- _Task item_
Could you find every line in the records below that contains the word "Lengths" and copy it?

- _Records supplied_

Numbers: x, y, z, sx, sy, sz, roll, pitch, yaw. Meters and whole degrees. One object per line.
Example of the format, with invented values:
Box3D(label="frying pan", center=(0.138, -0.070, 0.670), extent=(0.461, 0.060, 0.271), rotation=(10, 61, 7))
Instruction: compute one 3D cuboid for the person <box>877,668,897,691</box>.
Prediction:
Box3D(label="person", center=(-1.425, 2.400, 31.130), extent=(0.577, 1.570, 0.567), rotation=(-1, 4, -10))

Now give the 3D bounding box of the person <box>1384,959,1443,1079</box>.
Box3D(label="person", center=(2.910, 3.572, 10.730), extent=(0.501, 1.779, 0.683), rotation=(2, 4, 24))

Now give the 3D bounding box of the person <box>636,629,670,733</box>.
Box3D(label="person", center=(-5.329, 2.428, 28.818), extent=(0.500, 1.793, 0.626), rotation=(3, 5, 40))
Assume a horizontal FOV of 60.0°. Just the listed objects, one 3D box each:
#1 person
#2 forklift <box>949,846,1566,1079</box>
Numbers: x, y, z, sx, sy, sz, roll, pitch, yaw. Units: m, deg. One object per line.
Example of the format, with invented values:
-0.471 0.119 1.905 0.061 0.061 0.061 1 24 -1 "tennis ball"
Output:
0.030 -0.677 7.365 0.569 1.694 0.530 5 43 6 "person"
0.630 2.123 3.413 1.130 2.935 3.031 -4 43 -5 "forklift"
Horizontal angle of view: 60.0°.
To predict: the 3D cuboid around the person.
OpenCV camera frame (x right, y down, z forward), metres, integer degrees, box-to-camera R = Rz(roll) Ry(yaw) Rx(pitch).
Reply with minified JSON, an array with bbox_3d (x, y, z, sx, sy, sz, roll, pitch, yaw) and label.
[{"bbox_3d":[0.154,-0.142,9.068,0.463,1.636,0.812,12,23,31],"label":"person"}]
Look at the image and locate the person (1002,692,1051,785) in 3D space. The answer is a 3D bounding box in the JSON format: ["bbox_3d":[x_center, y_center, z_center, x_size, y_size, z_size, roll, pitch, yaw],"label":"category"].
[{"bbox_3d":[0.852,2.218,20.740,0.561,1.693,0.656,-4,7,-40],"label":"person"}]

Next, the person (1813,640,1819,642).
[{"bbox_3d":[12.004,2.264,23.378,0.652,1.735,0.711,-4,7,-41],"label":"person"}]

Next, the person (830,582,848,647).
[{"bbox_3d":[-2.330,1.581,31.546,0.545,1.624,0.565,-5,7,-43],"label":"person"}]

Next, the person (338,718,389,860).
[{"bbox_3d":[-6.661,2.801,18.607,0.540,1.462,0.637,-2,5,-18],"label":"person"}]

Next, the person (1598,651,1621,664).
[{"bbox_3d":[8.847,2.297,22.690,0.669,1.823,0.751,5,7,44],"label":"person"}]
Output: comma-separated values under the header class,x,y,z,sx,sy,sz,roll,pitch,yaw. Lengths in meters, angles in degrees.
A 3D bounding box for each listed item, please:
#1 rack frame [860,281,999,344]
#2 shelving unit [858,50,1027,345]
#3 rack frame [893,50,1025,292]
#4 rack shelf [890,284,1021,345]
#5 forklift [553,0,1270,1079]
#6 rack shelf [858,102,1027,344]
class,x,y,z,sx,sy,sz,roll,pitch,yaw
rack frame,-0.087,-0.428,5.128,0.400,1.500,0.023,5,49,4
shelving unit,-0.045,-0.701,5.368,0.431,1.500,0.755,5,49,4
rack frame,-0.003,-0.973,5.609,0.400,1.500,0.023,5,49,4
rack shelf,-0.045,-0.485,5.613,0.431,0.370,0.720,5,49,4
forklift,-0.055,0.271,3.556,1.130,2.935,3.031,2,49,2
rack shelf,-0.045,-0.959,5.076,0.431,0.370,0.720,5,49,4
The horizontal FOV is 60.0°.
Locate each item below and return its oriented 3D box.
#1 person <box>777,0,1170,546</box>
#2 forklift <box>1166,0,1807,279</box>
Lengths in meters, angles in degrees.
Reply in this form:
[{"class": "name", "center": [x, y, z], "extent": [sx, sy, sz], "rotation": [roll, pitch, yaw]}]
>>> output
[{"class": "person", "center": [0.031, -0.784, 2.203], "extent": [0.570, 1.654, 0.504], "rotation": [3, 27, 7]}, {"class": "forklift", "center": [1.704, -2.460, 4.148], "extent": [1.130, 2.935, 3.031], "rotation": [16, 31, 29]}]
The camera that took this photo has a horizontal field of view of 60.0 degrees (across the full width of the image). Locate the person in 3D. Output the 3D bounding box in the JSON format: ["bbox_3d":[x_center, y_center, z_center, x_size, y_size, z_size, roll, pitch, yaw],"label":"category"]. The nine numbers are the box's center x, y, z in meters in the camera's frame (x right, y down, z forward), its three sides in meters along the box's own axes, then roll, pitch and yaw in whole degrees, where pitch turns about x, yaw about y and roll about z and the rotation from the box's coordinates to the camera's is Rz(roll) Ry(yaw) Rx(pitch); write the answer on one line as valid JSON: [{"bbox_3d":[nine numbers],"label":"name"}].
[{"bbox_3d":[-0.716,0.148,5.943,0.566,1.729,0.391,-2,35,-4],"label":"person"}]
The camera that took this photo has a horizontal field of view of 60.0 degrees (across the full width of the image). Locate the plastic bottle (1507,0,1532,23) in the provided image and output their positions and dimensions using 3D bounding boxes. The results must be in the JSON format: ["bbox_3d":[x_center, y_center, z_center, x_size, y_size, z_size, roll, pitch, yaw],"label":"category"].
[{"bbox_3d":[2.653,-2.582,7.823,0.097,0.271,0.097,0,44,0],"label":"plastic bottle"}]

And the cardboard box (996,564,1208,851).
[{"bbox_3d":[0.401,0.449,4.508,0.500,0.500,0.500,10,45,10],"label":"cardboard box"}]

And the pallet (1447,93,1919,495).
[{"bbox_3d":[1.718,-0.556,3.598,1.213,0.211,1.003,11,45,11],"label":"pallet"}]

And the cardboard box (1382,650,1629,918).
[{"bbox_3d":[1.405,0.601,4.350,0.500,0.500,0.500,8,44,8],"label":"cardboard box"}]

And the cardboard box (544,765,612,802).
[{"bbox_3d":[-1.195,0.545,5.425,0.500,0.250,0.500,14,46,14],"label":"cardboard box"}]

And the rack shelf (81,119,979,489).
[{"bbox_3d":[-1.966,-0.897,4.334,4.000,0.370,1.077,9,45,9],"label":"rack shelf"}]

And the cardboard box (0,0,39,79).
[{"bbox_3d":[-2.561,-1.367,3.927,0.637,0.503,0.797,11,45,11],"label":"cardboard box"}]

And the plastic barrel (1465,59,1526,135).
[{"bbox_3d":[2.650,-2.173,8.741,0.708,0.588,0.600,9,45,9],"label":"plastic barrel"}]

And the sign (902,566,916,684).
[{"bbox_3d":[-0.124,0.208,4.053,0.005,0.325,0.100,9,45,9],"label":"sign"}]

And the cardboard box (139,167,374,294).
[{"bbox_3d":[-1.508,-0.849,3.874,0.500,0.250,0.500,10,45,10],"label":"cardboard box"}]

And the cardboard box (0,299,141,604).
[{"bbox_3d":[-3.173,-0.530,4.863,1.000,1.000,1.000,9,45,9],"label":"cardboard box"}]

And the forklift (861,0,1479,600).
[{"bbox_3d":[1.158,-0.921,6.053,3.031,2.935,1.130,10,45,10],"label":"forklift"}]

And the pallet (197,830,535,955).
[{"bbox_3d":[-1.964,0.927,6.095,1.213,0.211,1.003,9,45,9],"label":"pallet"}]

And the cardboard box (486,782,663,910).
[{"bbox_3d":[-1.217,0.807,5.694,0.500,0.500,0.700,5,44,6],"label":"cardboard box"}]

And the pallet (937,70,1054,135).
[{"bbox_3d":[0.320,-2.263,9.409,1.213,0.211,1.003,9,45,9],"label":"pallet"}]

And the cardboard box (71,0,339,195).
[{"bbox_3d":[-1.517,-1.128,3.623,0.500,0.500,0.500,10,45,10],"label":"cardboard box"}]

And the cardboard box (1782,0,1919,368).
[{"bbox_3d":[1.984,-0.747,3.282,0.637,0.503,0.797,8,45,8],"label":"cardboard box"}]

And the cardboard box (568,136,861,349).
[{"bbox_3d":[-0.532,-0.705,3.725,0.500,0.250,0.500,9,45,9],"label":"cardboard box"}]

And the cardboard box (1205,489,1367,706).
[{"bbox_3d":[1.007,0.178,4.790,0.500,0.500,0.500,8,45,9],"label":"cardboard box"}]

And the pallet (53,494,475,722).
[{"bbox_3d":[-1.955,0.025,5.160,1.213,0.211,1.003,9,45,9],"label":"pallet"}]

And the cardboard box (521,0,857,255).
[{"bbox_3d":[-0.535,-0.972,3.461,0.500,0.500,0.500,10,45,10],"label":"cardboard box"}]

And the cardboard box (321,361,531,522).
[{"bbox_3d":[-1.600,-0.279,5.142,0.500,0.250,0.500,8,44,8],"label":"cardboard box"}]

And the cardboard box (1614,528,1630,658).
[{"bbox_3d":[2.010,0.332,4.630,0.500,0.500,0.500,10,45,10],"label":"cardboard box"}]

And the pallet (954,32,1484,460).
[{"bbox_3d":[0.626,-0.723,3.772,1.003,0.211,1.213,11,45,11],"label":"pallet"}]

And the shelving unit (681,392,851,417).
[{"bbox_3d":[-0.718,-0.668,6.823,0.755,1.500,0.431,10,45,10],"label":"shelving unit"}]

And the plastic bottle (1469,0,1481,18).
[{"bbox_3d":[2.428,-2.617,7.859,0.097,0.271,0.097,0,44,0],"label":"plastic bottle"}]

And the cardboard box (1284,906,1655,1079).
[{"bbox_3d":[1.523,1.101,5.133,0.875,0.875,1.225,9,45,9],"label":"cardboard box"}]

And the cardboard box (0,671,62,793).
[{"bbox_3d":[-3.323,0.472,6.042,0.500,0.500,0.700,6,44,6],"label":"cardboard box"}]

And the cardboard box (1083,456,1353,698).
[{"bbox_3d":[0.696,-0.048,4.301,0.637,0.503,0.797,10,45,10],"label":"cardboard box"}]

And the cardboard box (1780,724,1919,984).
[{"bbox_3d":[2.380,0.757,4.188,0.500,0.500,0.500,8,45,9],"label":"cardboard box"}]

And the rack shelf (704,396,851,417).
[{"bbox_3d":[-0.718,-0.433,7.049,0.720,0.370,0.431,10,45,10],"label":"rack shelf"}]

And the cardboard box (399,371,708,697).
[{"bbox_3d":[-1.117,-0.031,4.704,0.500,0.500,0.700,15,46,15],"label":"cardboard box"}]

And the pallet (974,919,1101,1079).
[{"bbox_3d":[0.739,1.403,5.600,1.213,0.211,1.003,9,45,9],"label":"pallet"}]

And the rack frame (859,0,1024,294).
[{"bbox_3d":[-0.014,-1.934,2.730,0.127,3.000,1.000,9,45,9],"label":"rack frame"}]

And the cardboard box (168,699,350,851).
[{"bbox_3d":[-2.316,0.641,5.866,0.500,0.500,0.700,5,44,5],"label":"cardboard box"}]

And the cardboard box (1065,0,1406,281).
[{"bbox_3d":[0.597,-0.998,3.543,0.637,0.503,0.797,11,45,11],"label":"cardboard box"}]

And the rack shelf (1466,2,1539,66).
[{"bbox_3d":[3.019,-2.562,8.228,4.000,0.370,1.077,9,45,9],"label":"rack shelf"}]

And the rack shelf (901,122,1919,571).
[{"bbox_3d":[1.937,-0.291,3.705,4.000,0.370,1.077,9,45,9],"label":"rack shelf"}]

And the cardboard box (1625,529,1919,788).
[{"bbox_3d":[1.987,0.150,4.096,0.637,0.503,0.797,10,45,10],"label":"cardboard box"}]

- _Answer for this exercise_
Output: comma-separated values under the header class,x,y,z,sx,sy,sz,roll,pitch,yaw. Lengths in meters, angles in degrees.
Lengths in meters, angles in degrees.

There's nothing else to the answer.